Karenanya, satu hal yang wajib disyukuri, kata Ratu, dalam situasi Pandemi Covid 19 ini, dia masih tetap bisa berkreasi, dan produktif. “Alhamdulillah, dalam situasi gerak kita terbatas tapi masih tetap berkarya. Saya bikin single_lagu baru genre religi, judulnya ’Sujudku’_ sesuai dengan momen Ramadhan. Lagunya sudah bisa dinikmati melalui konten youtube https://youtu.be/3Y7ZDHjYQLU ,” terang Ratu.
Proses produksinya, kata Ratu, juga dilakukan di rumah. “Kita taat aturan Pemerintah, agar di rumah saja. Shooting di rumah dengan tim yang sedikit tidak ramai-ramai. Semua _setting_ kita buat dalam rumah, garasi, gudang, hutan di belakang rumah, semua kita selesaikan di rumah. Sangat diminimalisir yang penting tetap berkarya dan hasilnya insya Allah dapat dinikmati masyarakat,” ungkapnya.
Saat situasi pandemi Covid 19 ini, Ratu juga dipercaya oleh salah satu instansi Pemerintah untuk menyampaikan himbauan melalui lagu. Lagu tersebut menghimbau agar pada saat Idul Fitri nanti tidak mudik dulu. Ikuti anjuran Presiden dan Pemerintah agar jangan keluar rumah, dan tidak kemana-mana, tetap stay at home.Lagunya berjudul, ’Jangan Mudik Dulu’.

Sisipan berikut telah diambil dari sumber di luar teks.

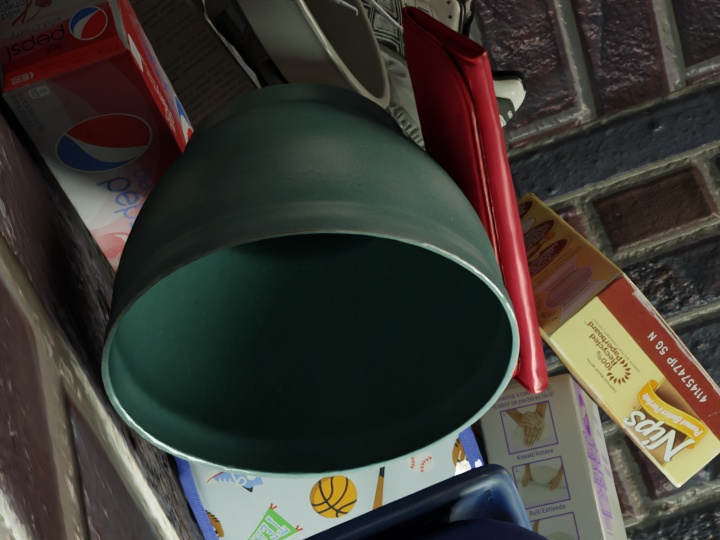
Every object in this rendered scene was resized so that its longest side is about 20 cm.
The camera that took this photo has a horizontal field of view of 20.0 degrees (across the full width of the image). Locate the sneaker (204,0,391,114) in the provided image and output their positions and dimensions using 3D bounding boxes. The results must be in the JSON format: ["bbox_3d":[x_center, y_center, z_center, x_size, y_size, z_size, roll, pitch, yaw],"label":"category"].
[{"bbox_3d":[-0.025,-0.113,1.354,0.200,0.075,0.116,37,18,-51],"label":"sneaker"}]

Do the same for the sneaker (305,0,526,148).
[{"bbox_3d":[0.029,-0.167,1.332,0.200,0.088,0.076,49,15,-5],"label":"sneaker"}]

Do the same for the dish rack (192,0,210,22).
[{"bbox_3d":[-0.160,-0.273,1.441,0.200,0.044,0.172,40,-19,52],"label":"dish rack"}]

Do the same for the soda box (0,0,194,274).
[{"bbox_3d":[-0.129,-0.074,1.060,0.200,0.070,0.063,67,5,-61],"label":"soda box"}]

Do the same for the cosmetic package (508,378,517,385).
[{"bbox_3d":[0.011,0.097,1.340,0.101,0.200,0.071,67,4,-68],"label":"cosmetic package"}]

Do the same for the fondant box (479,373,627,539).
[{"bbox_3d":[0.122,0.169,1.156,0.144,0.058,0.200,40,36,-74],"label":"fondant box"}]

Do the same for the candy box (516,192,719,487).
[{"bbox_3d":[0.133,0.033,1.140,0.115,0.055,0.200,49,3,-17],"label":"candy box"}]

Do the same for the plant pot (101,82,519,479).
[{"bbox_3d":[-0.028,-0.007,1.014,0.200,0.200,0.134,68,13,-51],"label":"plant pot"}]

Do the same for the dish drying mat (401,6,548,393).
[{"bbox_3d":[0.056,-0.032,1.035,0.077,0.018,0.200,41,-30,52],"label":"dish drying mat"}]

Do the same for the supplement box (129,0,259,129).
[{"bbox_3d":[-0.099,-0.101,1.357,0.200,0.073,0.126,53,-1,9],"label":"supplement box"}]

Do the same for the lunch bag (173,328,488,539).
[{"bbox_3d":[-0.006,0.113,1.165,0.200,0.170,0.124,65,10,-45],"label":"lunch bag"}]

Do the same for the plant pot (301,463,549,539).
[{"bbox_3d":[0.025,0.211,0.878,0.180,0.200,0.200,-120,-172,-61],"label":"plant pot"}]

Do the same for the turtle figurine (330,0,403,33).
[{"bbox_3d":[-0.003,-0.244,1.211,0.200,0.101,0.150,55,14,-13],"label":"turtle figurine"}]

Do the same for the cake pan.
[{"bbox_3d":[-0.044,-0.178,1.204,0.200,0.037,0.200,59,13,-22],"label":"cake pan"}]

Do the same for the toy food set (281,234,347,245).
[{"bbox_3d":[0.000,0.000,1.194,0.200,0.143,0.060,88,11,-70],"label":"toy food set"}]

“Semoga lagu ini mengena di masyarakat, dan terketuk hatinya tidak mudik dulu. Sebab situasinya memang lagi kurang memungkinkan. Semua menginginkan kondisi normal bisa mudik dan silaturrahmi. Namun karena situasinya seperti ini diharapkan semua pihak dapat menahan diri,” harap Ratu.

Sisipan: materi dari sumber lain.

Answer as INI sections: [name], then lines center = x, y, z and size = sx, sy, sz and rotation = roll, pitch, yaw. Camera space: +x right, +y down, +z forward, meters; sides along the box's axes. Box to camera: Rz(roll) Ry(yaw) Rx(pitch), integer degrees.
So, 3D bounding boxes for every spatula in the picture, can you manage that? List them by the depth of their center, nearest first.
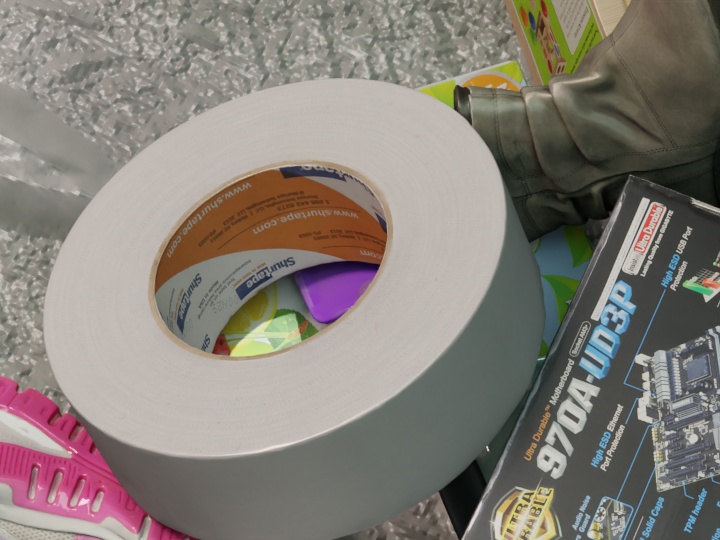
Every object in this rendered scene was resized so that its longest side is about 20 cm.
[spatula]
center = 0.022, 0.047, 1.191
size = 0.056, 0.021, 0.200
rotation = -30, 62, 9

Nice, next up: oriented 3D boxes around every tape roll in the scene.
[tape roll]
center = -0.027, 0.015, 1.154
size = 0.200, 0.066, 0.201
rotation = -12, 46, 13

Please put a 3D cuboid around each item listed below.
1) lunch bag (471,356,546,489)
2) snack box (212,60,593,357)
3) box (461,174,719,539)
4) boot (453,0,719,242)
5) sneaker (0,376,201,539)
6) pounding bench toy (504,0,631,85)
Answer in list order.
[lunch bag]
center = 0.145, 0.118, 1.214
size = 0.199, 0.122, 0.171
rotation = -6, 70, -3
[snack box]
center = 0.000, 0.000, 1.274
size = 0.200, 0.053, 0.143
rotation = -16, 74, -12
[box]
center = 0.145, 0.075, 1.138
size = 0.159, 0.046, 0.200
rotation = 21, 62, 11
[boot]
center = 0.099, -0.076, 1.170
size = 0.130, 0.200, 0.068
rotation = -10, 53, 6
[sneaker]
center = -0.110, 0.114, 1.202
size = 0.200, 0.088, 0.081
rotation = 20, 39, 6
[pounding bench toy]
center = 0.164, -0.151, 1.271
size = 0.156, 0.200, 0.124
rotation = -15, 72, -11

Ratu Sumbang Pemulung Renta
Pada kesempatan tersebut, Ratu menyerahkan bantuan ke Tim Relawan Rumah Singgah Bunda Lenny Humaniora Foundation, dalam bentuk kebutuhan pokok (beras, mie instan, minyak, gula, kopi, dan lain-lain).
Di acara _reality show ‘Kita Berbagi – Masalah Pergi’_ para narasumber tidak dibayar. Sebaliknya menjadi donatur yang dengan sukarela memberikan bantuan, sumbangan dalam bentuk tak terbatas jenis dan ragamnya. Ratu menyerahkan bantuan untuk pemulung janda lanjut usia binaan Rumah Singgah Bunda Lenny Humaniora Foundation.
Sementara TV Budaya, televisi komunitas yang menyiarkan program ini. Sanggar Humaniora mendistribusikan bantuan tersebut ke para pemulung, janda lanjut usia, serta para pekerja keras di sektor non-formal. Antara lain, buruh bangunan, pekerja galian tanah, petugas kebersihan angkut sampah, pembantu rumah tangga (PRT), pedagang keliling, pengamen, serta profesi lainnya, yang lagi kesulitan akibat terimbas wabah Covid 19.
“Apa yang kami berikan bukan terletak pada nilainya. Melainkan bagaimana kita menginspirasi, menanamkan jiwa empati dan peduli. Melalui program ini diharapkan dapat menjadi syiar kemanusiaan, memotivasi, mengedukasi, serta menjadi inspirasi yang mengilhami, meneladani, dan menggerakkan hati, serta menebar kebaikan untuk kemanusiaan yang lebih besar,” harap artis asli Karawang.